ApoGmPOPB crystals were obtained by vapor diffusion at 20 °C using the hanging drop method. The initial conditions in the drop were 100 mg/mL GmPOPB, 30% PEG4000, and 100 mM MES buffer, pH 6.5. Several crystal clusters appeared after incubation at 20 °C for 1 week, which were crushed and used for microseeding using a 80 mg/mL GmPOPB solution and the same precipitant. Crystals were cryoprotected by addition of 10% glycerol to precipitant solution, and flash cooled in liquid nitrogen. All complex structures were obtained by vapor diffusion at 20 °C using the sitting drop method. Complexes with both 25mer and 35mer peptides were obtained by co-crystallization of 100 mg/ml protein and two-fold molar excess of peptide, and contained 12.5 mM Hexammine cobalt chloride as additive. For the S577A–25mer complex, crystals were obtained with 28% PEG6000, 100 mM Bicine pH 9.0, 60 mM magnesium formate, and 2.42% DMSO. Crystals were cryoprotected by addition of 12% glycerol to precipitant solution, and flash cooled in liquid nitrogen. For the D661A–25mer complex, crystals were obtained with 28% PEG6000, 100 mM Tris pH 8.3, and 90 mM sodium/potassium phosphate. Crystals were cryoprotected by the addition of 12% glycerol to precipitant solution, and flash cooled in liquid nitrogen. Crystals of S577A–35mer complex were obtained with 28% PEG6000, 100 mM Bicine pH 8.7, 64 mM sodium potassium phosphate. Crystals were cryoprotected by addition of 12% glycerol to precipitant solution, and flash cooled in liquid nitrogen. For the H698A–25mer complex, crystals were obtained with 27% PEGMME2000, 90 mM Bicine pH 8.7, and 100 mM potassium thiocyanate. Crystals were cryoprotected by addition of 13% glycerol to precipitant solution, and flash cooled in liquid nitrogen.

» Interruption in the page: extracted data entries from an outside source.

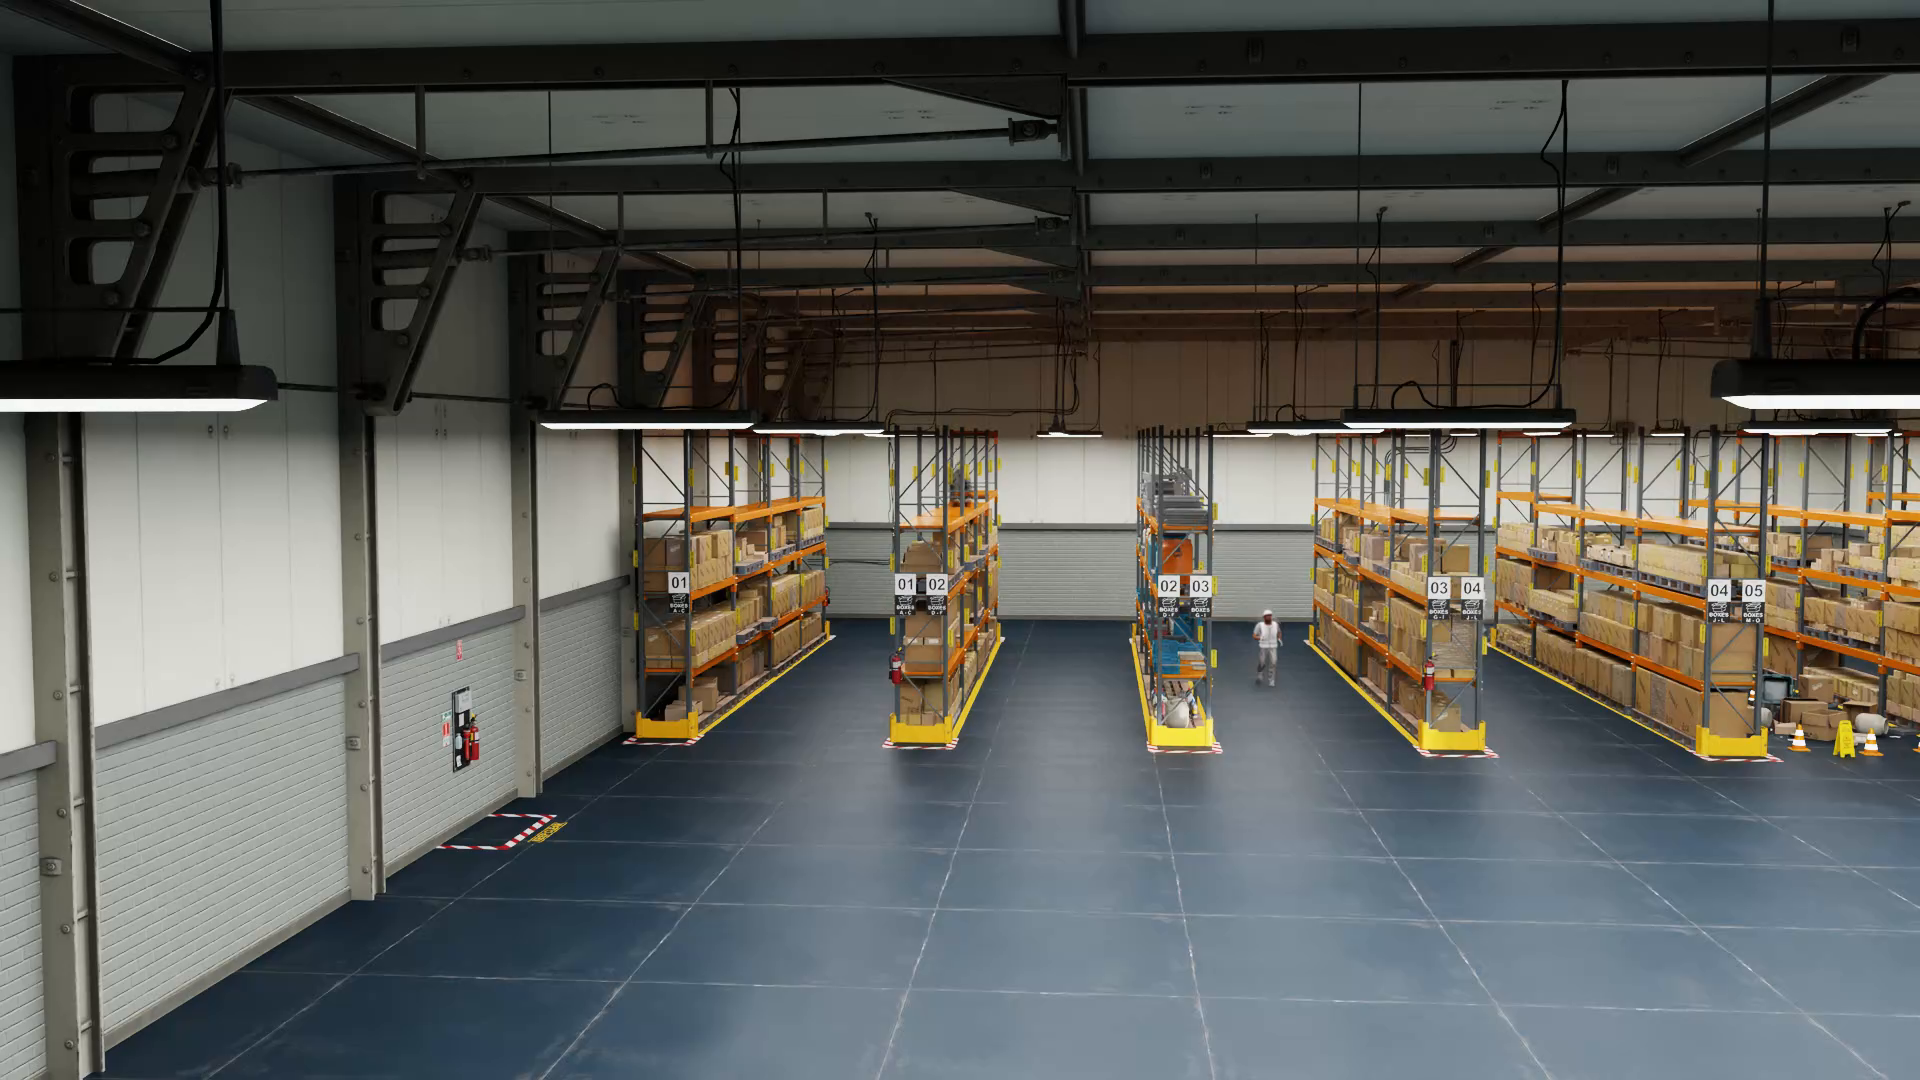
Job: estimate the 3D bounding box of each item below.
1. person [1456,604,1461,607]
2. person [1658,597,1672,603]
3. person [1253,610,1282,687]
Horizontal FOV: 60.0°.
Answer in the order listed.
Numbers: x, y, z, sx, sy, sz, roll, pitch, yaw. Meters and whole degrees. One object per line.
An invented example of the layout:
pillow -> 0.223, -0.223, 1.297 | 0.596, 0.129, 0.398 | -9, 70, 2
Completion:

Data were collected at 100 K at the European Synchrotron Radiation Facility (ESRF) beamline ID30A-3 (S577A–25mer complex), Diamond Light Source beamlines I02 (apo GmPOPB), I04-1 (S577A–35mer complex), I03 (D661A–25mer), or in house on a Rigaku 007HFM rotating anode X-ray generator with a Saturn 944 CCD detector (H698A–35mer). Data were processed with HKL200042 (S577A–25mer and H698A–35mer complexes) or Xia2-DIALS43 (apo GmPOPB, S577A–35mer and D661A–25mer complexes). All structures were solved by molecular replacement with PHASER44, followed by density improvement using PARROT45, then automatic building using Buccaneer46 and Arp/wARP47. Manual rebuilding was performed with COOT48, and refinement was performed with REFMAC549 implemented in the CCP4 program suite50, Phenix51, and PDB_REDO52. Structural figures were generated with PyMOL (DeLano Scientific, LLC). In Fig. 4 the solution structures for 13mer, 25mer, and 35mer free were generated by PEPFOLD53, 54 and the macrocyclic peptide was adapted from α-amanitin (PDB: 3CQZ).

Data availability

Sequences and plasmids for all clones used in this study have been deposited on Addgene, with the following IDs: 92234 (GmPOPB-Wild type), 92235 (GmPOPB-S577A). 92236 (GmPOPB D661A), 92237 (GmPOPB-H698A), 92238 (GmPOPB-R663A), 92239 (GmPOPB-R663K), 92240 (GmPOPB-R663Q), 92241 (GmPOPB-W695Δ), and 92242 (GmPOPB-H698N). Coordinates have been deposited in the Protein Data Bank, with accession codes 5N4B (S577A mutant bound to 25mer peptide), 5N4C (S577A mutant bound to 35mer peptide), 5N4D (D661A mutant bound to 25mer peptide), 5N4E (H698A mutant bound to 35mer peptide), and 5N4F (apoGmPOPB). All the other data supporting the findings of this study are provided within the article and supplementary files, and available from the corresponding author upon reasonable request.